There are two important concepts behind collecting data. The first one data sources and second is the method for generating results from those sources (Mason, 1996). The data gathering for the interpretivism research paradigm is a communication procedure between the researcher and the participants (Fellows and Liu, 2003) The key factor of the data collection technique is the nature of the request and the data required in regard to a certain setting or context (Naoum, 2013). Therefore, different techniques might be appropriate to different methods and inquiries. This research identified people as data sources due to their knowledge, evidence and experience. However, there are many approaches for generating data from those people, such as interviews, questionnaires and observations (Saunders et al., 2009). As discussed earlier, the method of this research is mixed-method, implying a method which could collect understandings, opinions, interpretations and ideas of people who have been involved with construction analysis and design. Mason (1996) suggested four techniques for data gathering in interpretivism research: interview, observation, the use of documents and the use of visual data. However, the combination of personal interviews and a questionnaire was suggested by Naoum (2013) as the method that offers the best technique for understanding a participant’s opinion.

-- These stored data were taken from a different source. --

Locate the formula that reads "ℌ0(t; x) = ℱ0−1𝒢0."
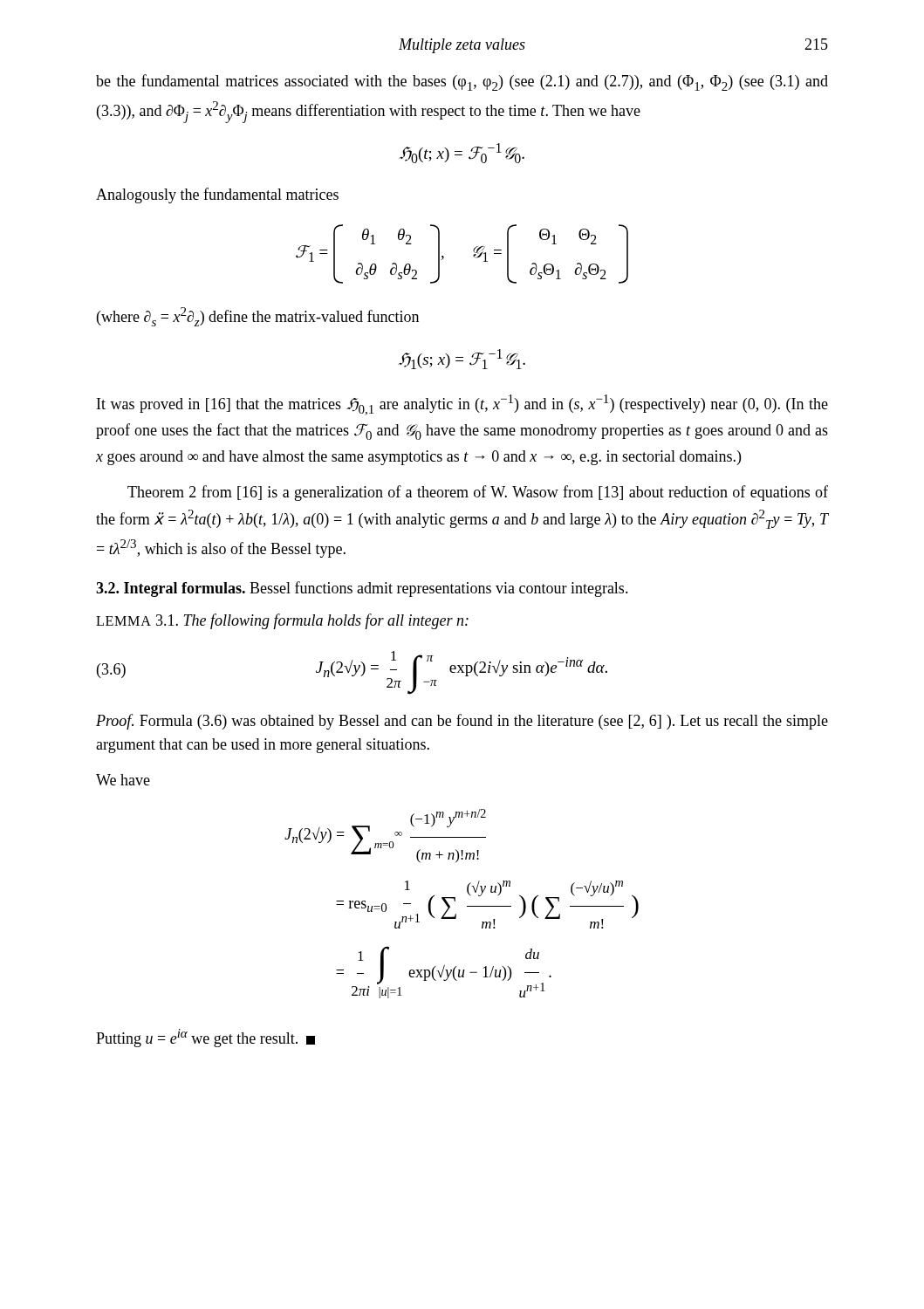click(462, 153)
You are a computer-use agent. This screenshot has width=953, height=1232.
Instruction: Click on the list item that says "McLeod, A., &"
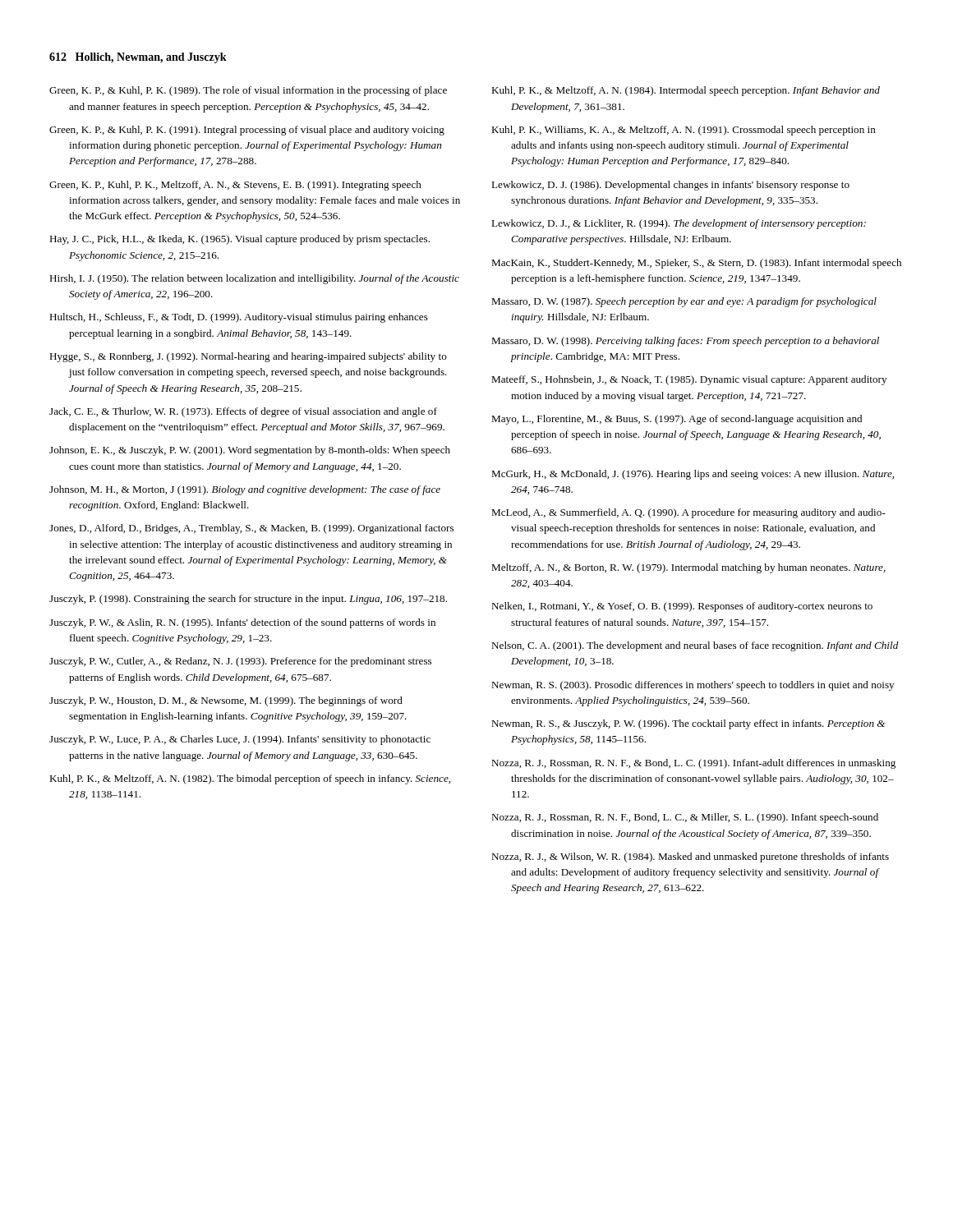[688, 528]
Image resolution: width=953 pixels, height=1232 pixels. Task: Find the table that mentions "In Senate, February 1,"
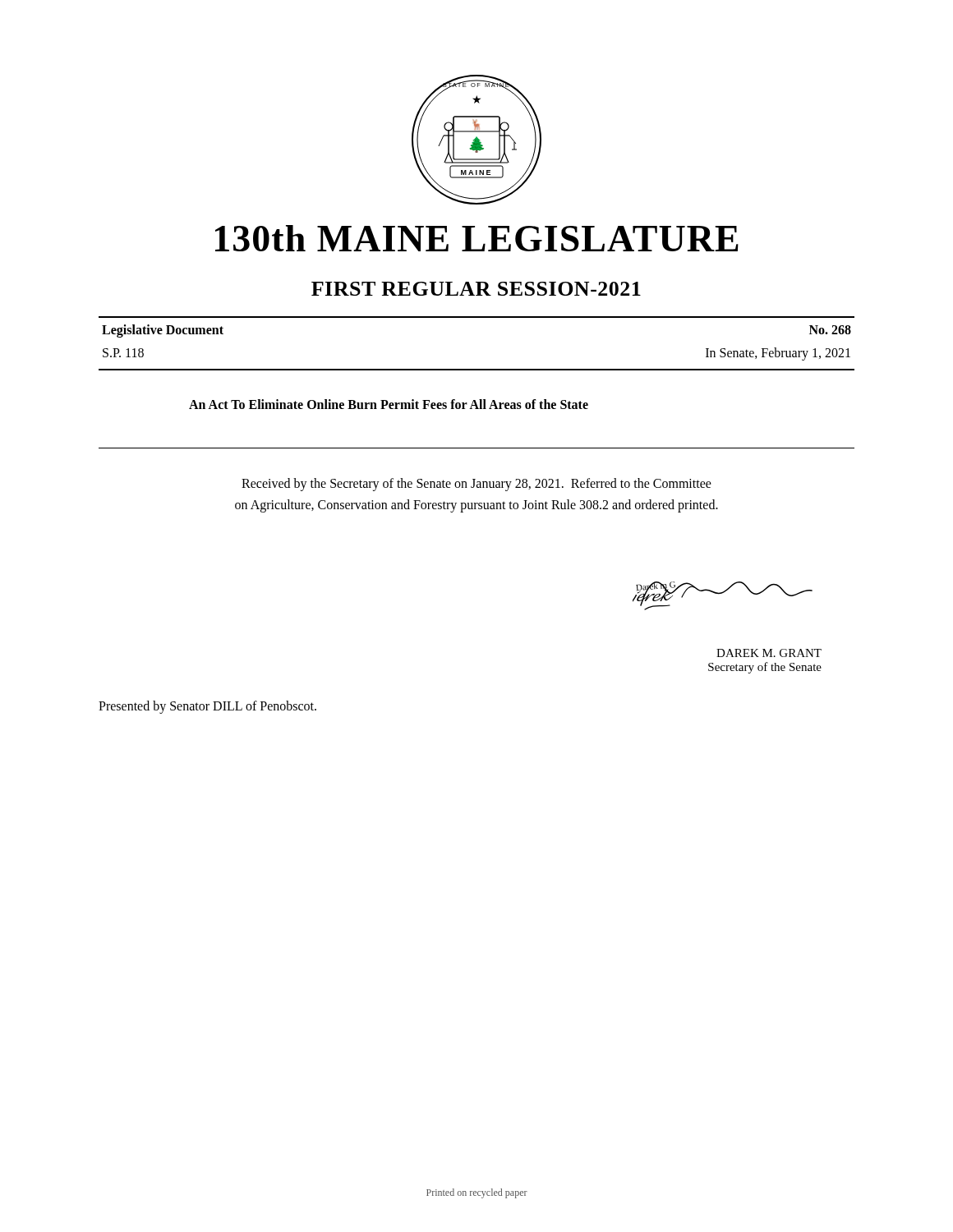tap(476, 343)

The epistemological position of this research suggests that the logical way to generate data is by interacting with experienced people. This research seeks to generate data from those people’s experiences in their current or past organisations, how they interpret the relationship between BIM tools and structural engineering design can improve the level of information quality regarding the development of the BIM concept. This research in the first step of the data collection process utilised semi-Structured interviews to collect qualitative data. The researcher conducted in-depth investigation into the issues and expected explanations and descriptions to match the key elements derived from the interviewees. The interview was deigned to allow the participants to exercise total control over the process in order to prevent bias as much as possible. The researcher prepared some questions for the interview and interviewees are free to mention their opinion in more depth when essential.
For conducting a piece of qualitative research the number of interviews is often a dilemma for researchers. The answer is dependent upon methodological aspect of research and the nature of research questions. Therefore to decide how many qualitative interviews is enough the researcher has to explore the purpose of his study by taking into consideration to this fact
98 “saturation is central to qualitative sampling” (Baker, 2012). This research in qualitative data
collection has adopted “non-probability” sampling which is appropriate for qualitative data collection and understands the deeply social phenomena. The interviewee’s have different background, years of experience and position in organisations (See table 4-3) and the central of qualitative sampling in this research relied on saturation of the responses. The number of interviews was continued to 12 when the researcher achieved saturation point, due to which the last interviewee’s responses were merely a repetition of the previous interviewees.
4.6.1 Qualitative Data Analysis Technique
This research adopted “content analysis” (Robson, 2002) as a technique to enable the researcher to identify keywords and the meaning of text in the context of information management challenges. According to Bryman (2004), content analysis is a technique “for the analysis of texts that seeks to quantify content in terms of predetermined categories and in a systematic and replicable manner”. The qualitative content analysis can provide codes for the data; those codes can be developed from the classification of texts into topics, themes or concepts. The contents came from communication between researcher and experts so that this research could apply qualitative content analysis in order to study the meaning of communication. Holsti (1969) classified content analysis into three fundamental categories: 1- Formulate inferences about the antecedents of the texts, 2- Describe the characteristics of the communication and 3- Describe the effect of the communication.
As has been mentioned before, interviews with experts were employed to determine the key challenges of interoperability during the design phase. Qualitative data analysis in this research used NVivo 10 software to collect, manage and represent the interview findings to achieve meaning. At the initial stage of the qualitative data analysis, the interviews were transcribed from an audio format into text for analysis and in the next stage the collected data was categorised into meaningful classification. The key words scanned from the text collected from expert interviews were used for the analysis based on the research’s questions, aim and objectives. The next section discussed quantitative data collection and analysis techniques which are adopted in survey research method.
Through the case study this research expected firstly, to explore more data about challenges in the context of UK-based structural engineering organisations. Secondly, the case study is expected to investigate the level of BIM adoption in UK-based structural organisations.
99 Finally, the impact of implementing BIM and information quality is also expected to be examined. The outcomes contribute to this research to identify the conceptual tags of final conceptual framework. The conceptual tags are the key criteria that structural engineering organisations need to consider to adopt efficient tools, workflows standards and strategies for human resource readiness, to enhance the quality of information. However the results from case study alone cannot be the only evidence to support the conceptual framework. The case study collected data only from large structural engineering organisations with specific capacities. Therefore the survey study employed after the case study collected data from other structural engineering firms with different capabilities and discussion between findings from case study and survey creates strong evidence to support the conceptual framework in this research.